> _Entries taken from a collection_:
-*-*-

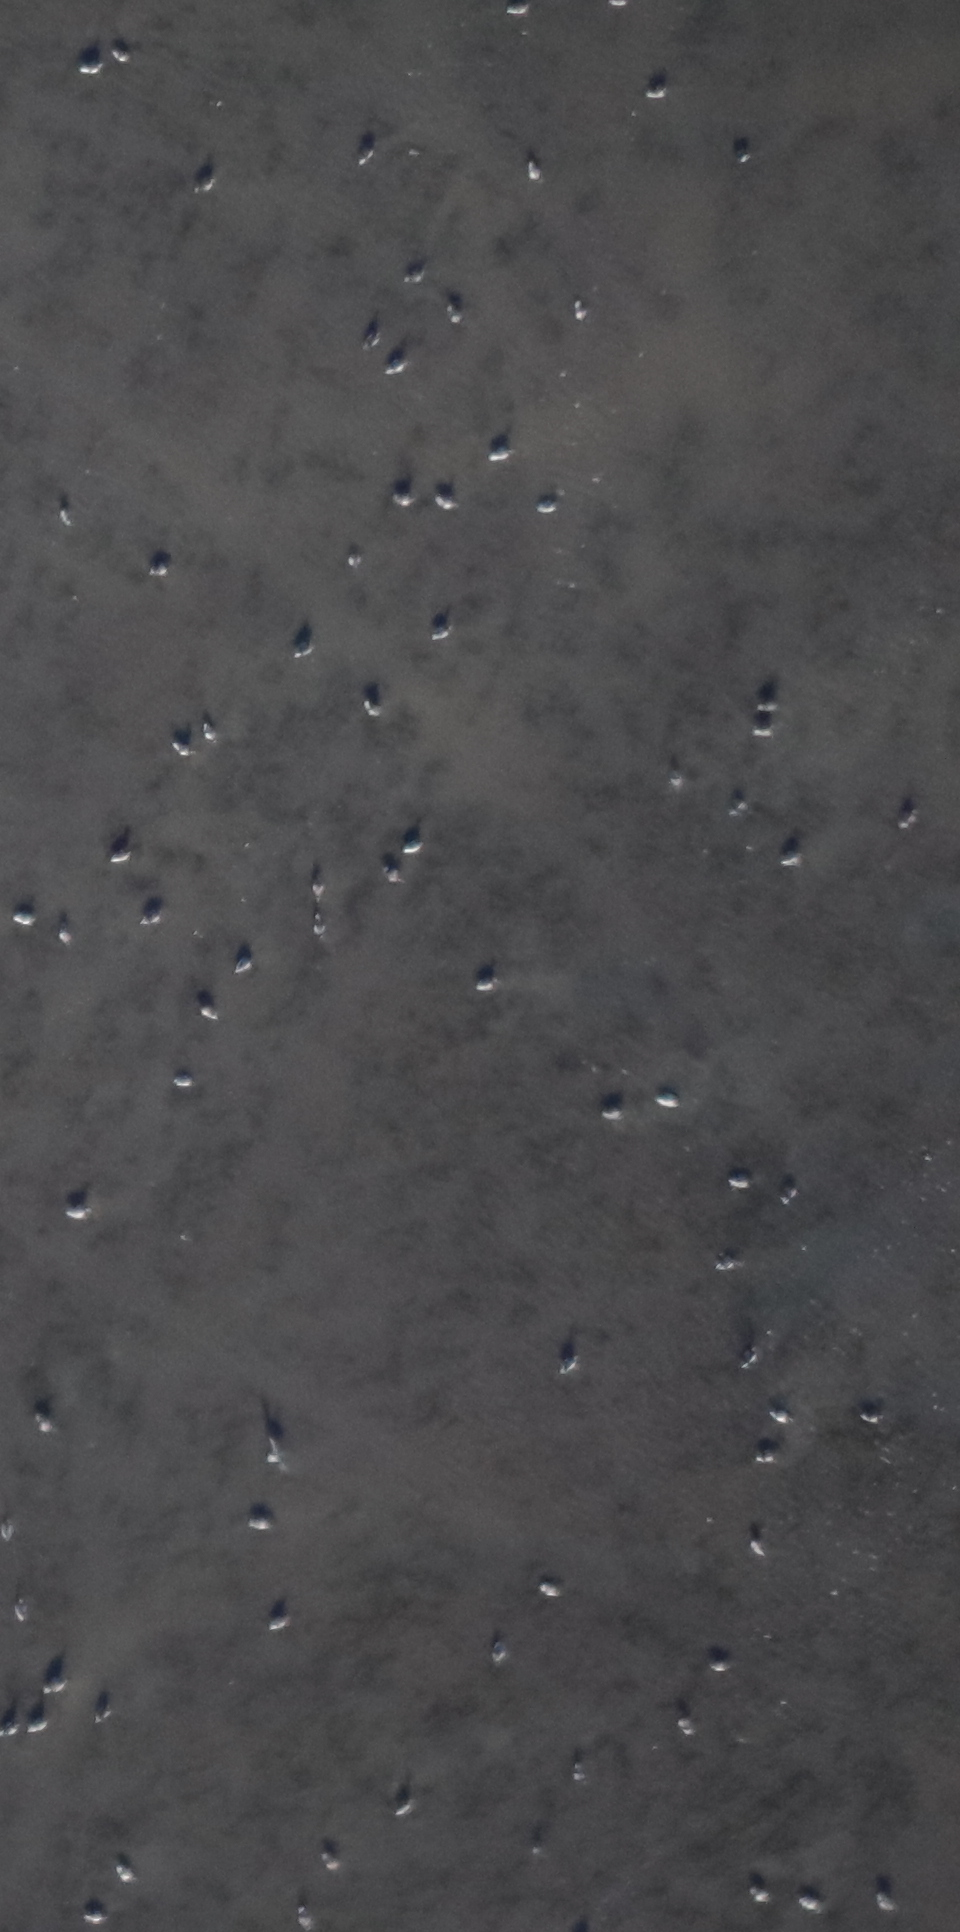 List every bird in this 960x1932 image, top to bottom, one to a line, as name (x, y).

brant (516, 10)
brant (121, 55)
brant (91, 67)
brant (658, 90)
brant (744, 156)
brant (363, 160)
brant (534, 174)
brant (204, 182)
brant (415, 275)
brant (453, 313)
brant (579, 314)
brant (373, 339)
brant (397, 365)
brant (501, 453)
brant (405, 498)
brant (446, 502)
brant (548, 506)
brant (65, 520)
brant (354, 553)
brant (159, 569)
brant (442, 623)
brant (299, 647)
brant (767, 702)
brant (369, 711)
brant (764, 729)
brant (209, 732)
brant (181, 747)
brant (677, 777)
brant (740, 807)
brant (908, 816)
brant (414, 846)
brant (121, 854)
brant (790, 859)
brant (390, 881)
brant (320, 883)
brant (24, 918)
brant (151, 918)
brant (318, 933)
brant (62, 937)
brant (244, 963)
brant (487, 982)
brant (208, 1011)
brant (180, 1084)
brant (668, 1100)
brant (621, 1112)
brant (742, 1177)
brant (789, 1193)
brant (76, 1214)
brant (726, 1261)
brant (754, 1357)
brant (569, 1363)
brant (873, 1412)
brant (781, 1418)
brant (50, 1425)
brant (286, 1455)
brant (768, 1456)
brant (261, 1523)
brant (11, 1525)
brant (758, 1546)
brant (548, 1591)
brant (30, 1613)
brant (280, 1623)
brant (498, 1655)
brant (721, 1665)
brant (55, 1684)
brant (108, 1711)
brant (44, 1722)
brant (688, 1727)
brant (9, 1728)
brant (580, 1772)
brant (407, 1806)
brant (329, 1857)
brant (127, 1874)
brant (758, 1895)
brant (813, 1902)
brant (880, 1902)
brant (96, 1916)
brant (308, 1917)
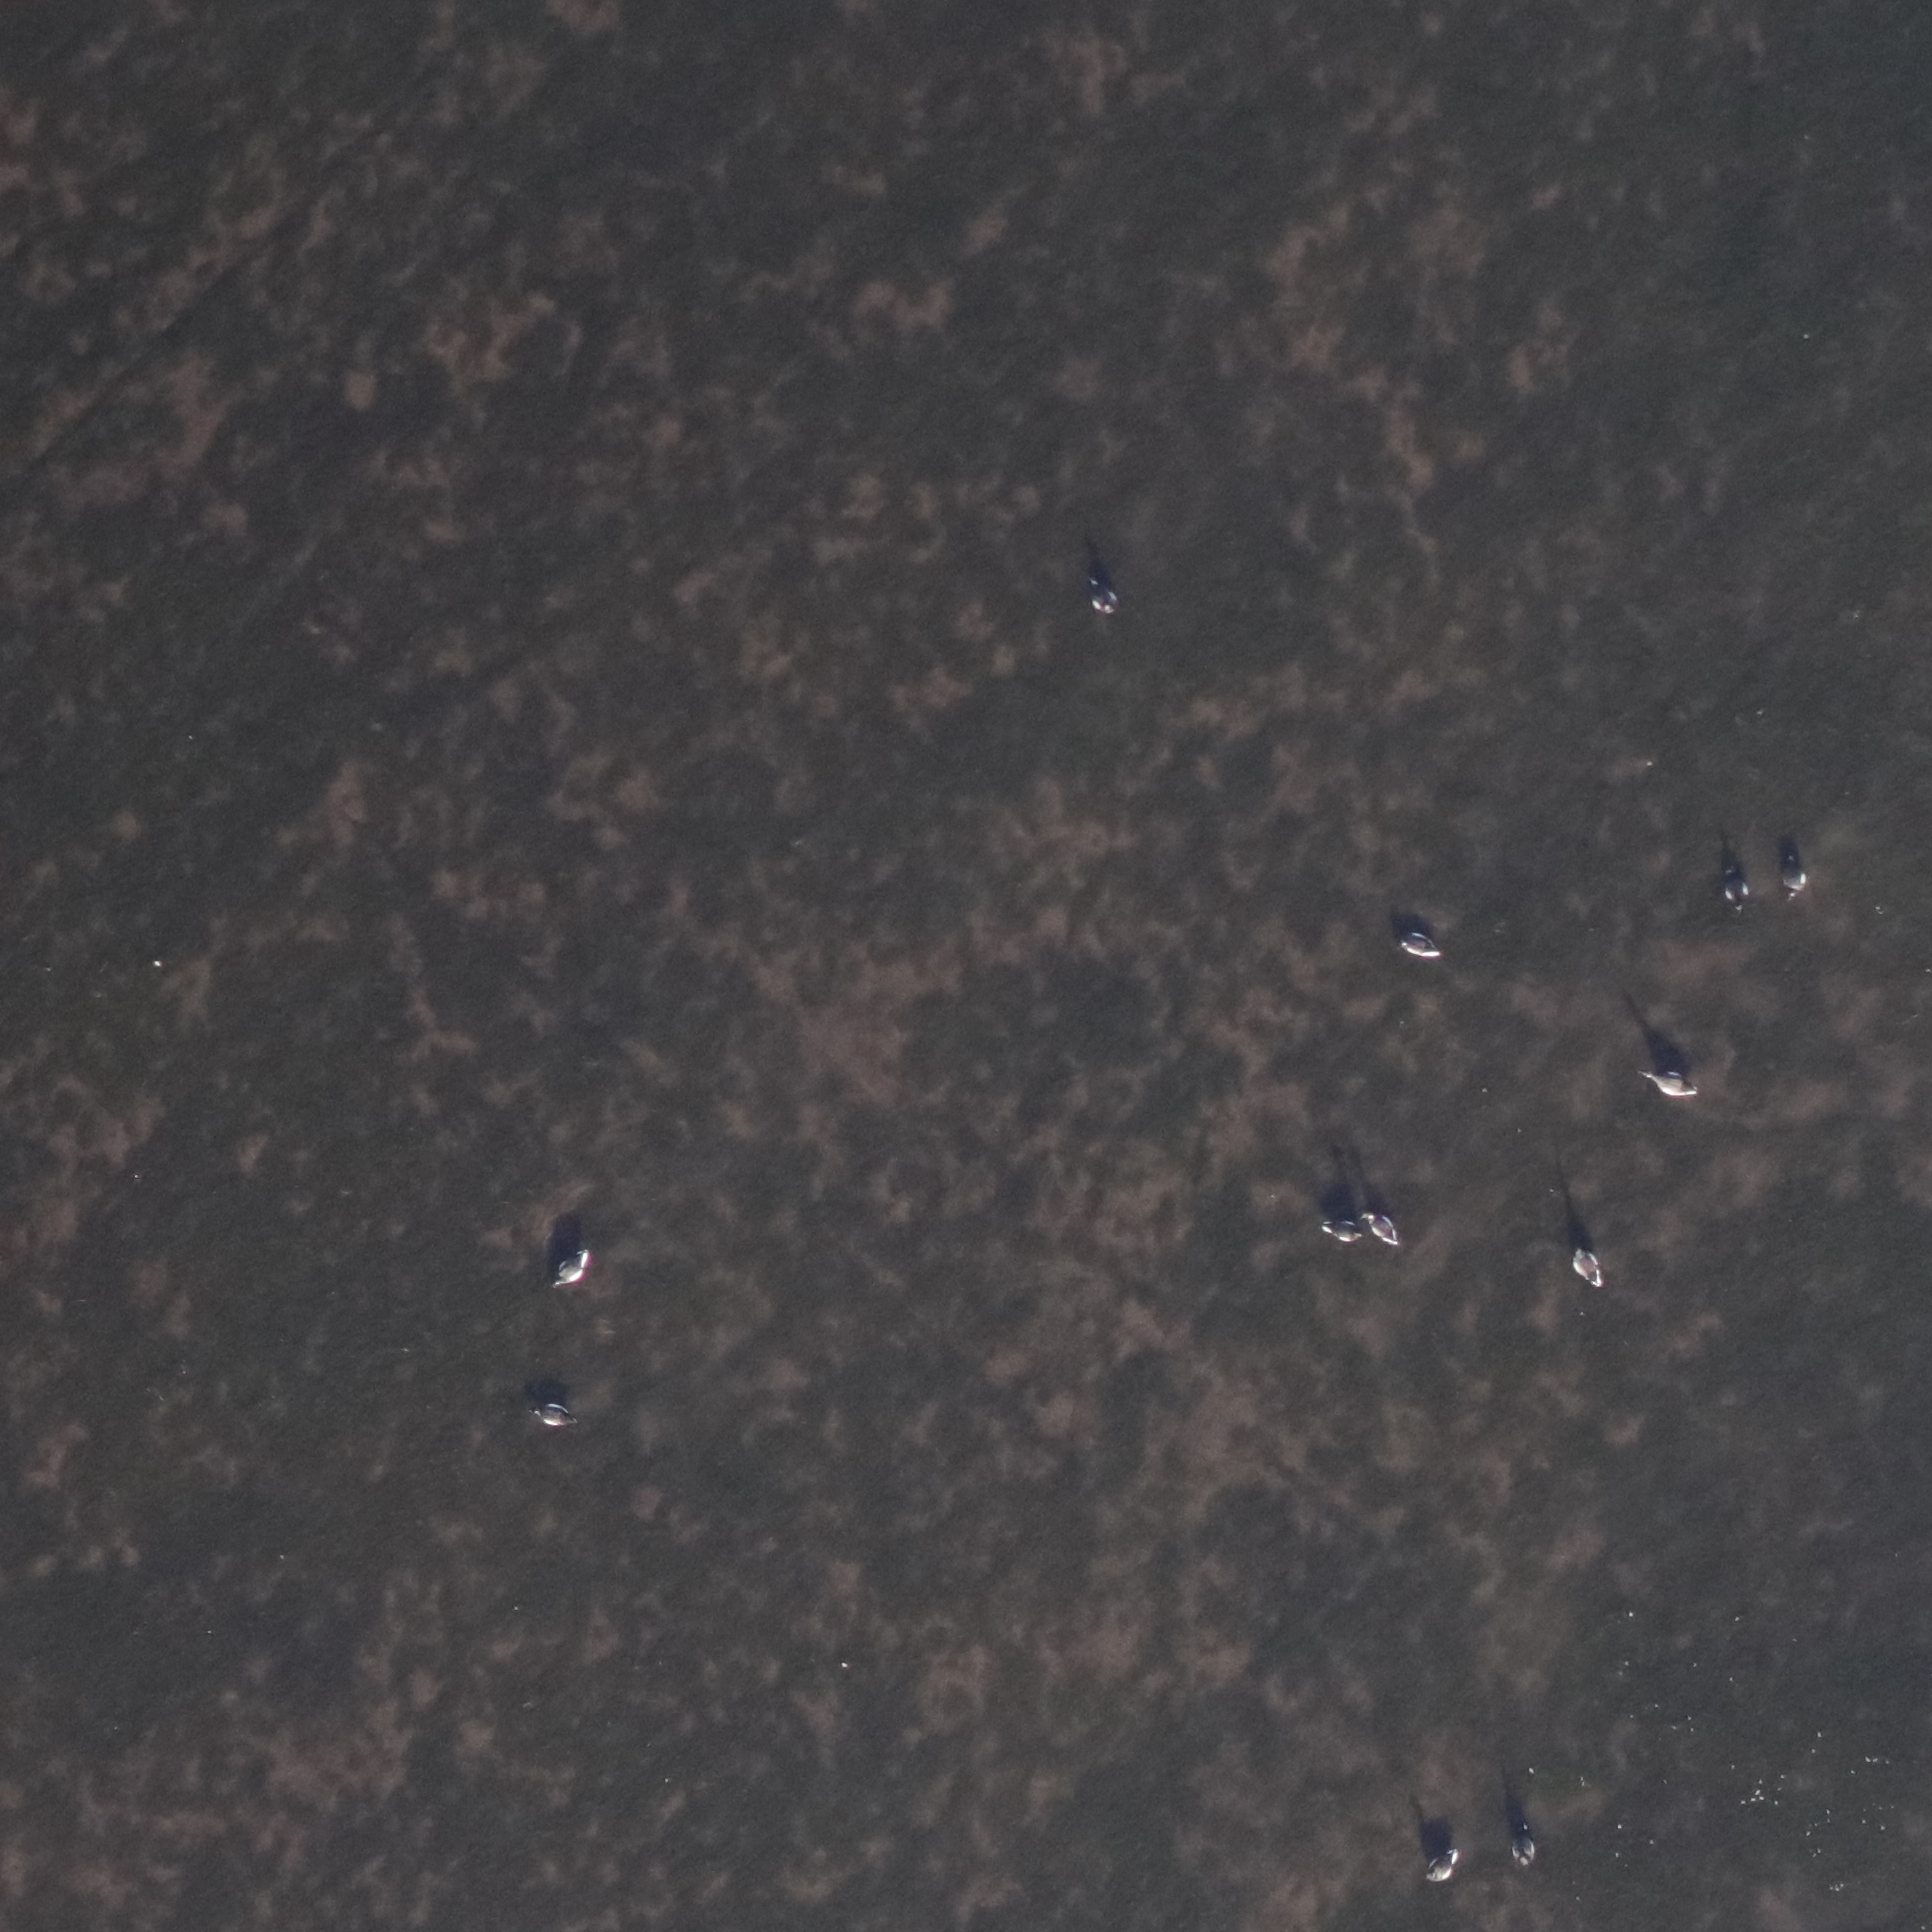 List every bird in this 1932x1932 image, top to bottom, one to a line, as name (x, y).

brant (1104, 598)
brant (1791, 880)
brant (1736, 888)
brant (1420, 944)
brant (1672, 1084)
brant (1381, 1224)
brant (1343, 1233)
brant (1587, 1265)
brant (572, 1267)
brant (553, 1412)
brant (1524, 1846)
brant (1442, 1865)

-*-*-

> _WHAT IS EXPECTED_: Would you copy out every line of the data above exactly, minus the pictures?

> _OUTPUT OF THE EXERCISE_:
 List every bird in this 960x1932 image, top to bottom, one to a line, as name (x, y).

brant (516, 10)
brant (121, 55)
brant (91, 67)
brant (658, 90)
brant (744, 156)
brant (363, 160)
brant (534, 174)
brant (204, 182)
brant (415, 275)
brant (453, 313)
brant (579, 314)
brant (373, 339)
brant (397, 365)
brant (501, 453)
brant (405, 498)
brant (446, 502)
brant (548, 506)
brant (65, 520)
brant (354, 553)
brant (159, 569)
brant (442, 623)
brant (299, 647)
brant (767, 702)
brant (369, 711)
brant (764, 729)
brant (209, 732)
brant (181, 747)
brant (677, 777)
brant (740, 807)
brant (908, 816)
brant (414, 846)
brant (121, 854)
brant (790, 859)
brant (390, 881)
brant (320, 883)
brant (24, 918)
brant (151, 918)
brant (318, 933)
brant (62, 937)
brant (244, 963)
brant (487, 982)
brant (208, 1011)
brant (180, 1084)
brant (668, 1100)
brant (621, 1112)
brant (742, 1177)
brant (789, 1193)
brant (76, 1214)
brant (726, 1261)
brant (754, 1357)
brant (569, 1363)
brant (873, 1412)
brant (781, 1418)
brant (50, 1425)
brant (286, 1455)
brant (768, 1456)
brant (261, 1523)
brant (11, 1525)
brant (758, 1546)
brant (548, 1591)
brant (30, 1613)
brant (280, 1623)
brant (498, 1655)
brant (721, 1665)
brant (55, 1684)
brant (108, 1711)
brant (44, 1722)
brant (688, 1727)
brant (9, 1728)
brant (580, 1772)
brant (407, 1806)
brant (329, 1857)
brant (127, 1874)
brant (758, 1895)
brant (813, 1902)
brant (880, 1902)
brant (96, 1916)
brant (308, 1917)
 List every bird in this 1932x1932 image, top to bottom, one to a line, as name (x, y).

brant (1104, 598)
brant (1791, 880)
brant (1736, 888)
brant (1420, 944)
brant (1672, 1084)
brant (1381, 1224)
brant (1343, 1233)
brant (1587, 1265)
brant (572, 1267)
brant (553, 1412)
brant (1524, 1846)
brant (1442, 1865)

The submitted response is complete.